Segment Open

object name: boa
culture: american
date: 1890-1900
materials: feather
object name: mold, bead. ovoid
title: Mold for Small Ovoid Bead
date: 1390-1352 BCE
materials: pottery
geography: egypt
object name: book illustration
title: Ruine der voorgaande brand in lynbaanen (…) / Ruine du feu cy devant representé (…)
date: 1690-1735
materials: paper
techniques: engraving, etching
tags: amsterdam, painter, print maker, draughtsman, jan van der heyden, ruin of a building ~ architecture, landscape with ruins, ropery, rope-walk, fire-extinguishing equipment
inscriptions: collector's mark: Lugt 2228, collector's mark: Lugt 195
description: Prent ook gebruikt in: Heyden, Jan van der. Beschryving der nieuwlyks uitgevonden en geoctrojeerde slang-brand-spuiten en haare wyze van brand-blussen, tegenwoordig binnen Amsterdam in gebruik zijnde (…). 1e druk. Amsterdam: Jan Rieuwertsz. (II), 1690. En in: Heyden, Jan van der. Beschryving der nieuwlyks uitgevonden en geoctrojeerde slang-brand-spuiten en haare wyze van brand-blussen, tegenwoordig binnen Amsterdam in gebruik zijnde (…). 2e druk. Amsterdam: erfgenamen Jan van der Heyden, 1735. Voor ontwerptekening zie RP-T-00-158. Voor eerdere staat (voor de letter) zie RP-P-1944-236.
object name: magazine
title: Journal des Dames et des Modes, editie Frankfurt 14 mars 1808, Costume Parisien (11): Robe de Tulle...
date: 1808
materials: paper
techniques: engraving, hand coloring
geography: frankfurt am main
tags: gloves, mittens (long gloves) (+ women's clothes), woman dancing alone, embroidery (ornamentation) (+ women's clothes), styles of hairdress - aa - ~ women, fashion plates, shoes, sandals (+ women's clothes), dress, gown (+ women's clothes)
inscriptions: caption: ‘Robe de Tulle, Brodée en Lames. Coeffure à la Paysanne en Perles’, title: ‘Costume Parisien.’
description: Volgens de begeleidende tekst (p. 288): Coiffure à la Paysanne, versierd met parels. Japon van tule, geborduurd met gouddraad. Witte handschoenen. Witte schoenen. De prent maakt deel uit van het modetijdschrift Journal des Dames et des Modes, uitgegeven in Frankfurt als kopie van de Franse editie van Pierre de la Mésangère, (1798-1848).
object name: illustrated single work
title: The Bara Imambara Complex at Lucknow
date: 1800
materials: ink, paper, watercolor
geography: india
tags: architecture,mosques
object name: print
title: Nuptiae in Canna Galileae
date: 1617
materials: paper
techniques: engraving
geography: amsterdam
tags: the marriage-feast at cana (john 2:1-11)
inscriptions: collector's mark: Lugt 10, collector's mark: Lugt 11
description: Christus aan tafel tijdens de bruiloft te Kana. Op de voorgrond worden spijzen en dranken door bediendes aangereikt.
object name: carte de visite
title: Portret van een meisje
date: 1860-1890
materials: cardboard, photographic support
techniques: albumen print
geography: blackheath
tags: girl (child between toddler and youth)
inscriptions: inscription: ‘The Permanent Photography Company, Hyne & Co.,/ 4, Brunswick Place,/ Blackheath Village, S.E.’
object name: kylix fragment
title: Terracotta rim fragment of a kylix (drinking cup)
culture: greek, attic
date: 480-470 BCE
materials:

Segment Closed

- _What the task requires_
The required output is every line from the one with "date: 1860-1890" to the final line of the entries, repeated exactly and with nothing else.

- _Output for this exercise_
date: 1860-1890
materials: cardboard, photographic support
techniques: albumen print
geography: blackheath
tags: girl (child between toddler and youth)
inscriptions: inscription: ‘The Permanent Photography Company, Hyne & Co.,/ 4, Brunswick Place,/ Blackheath Village, S.E.’
object name: kylix fragment
title: Terracotta rim fragment of a kylix (drinking cup)
culture: greek, attic
date: 480-470 BCE
materials:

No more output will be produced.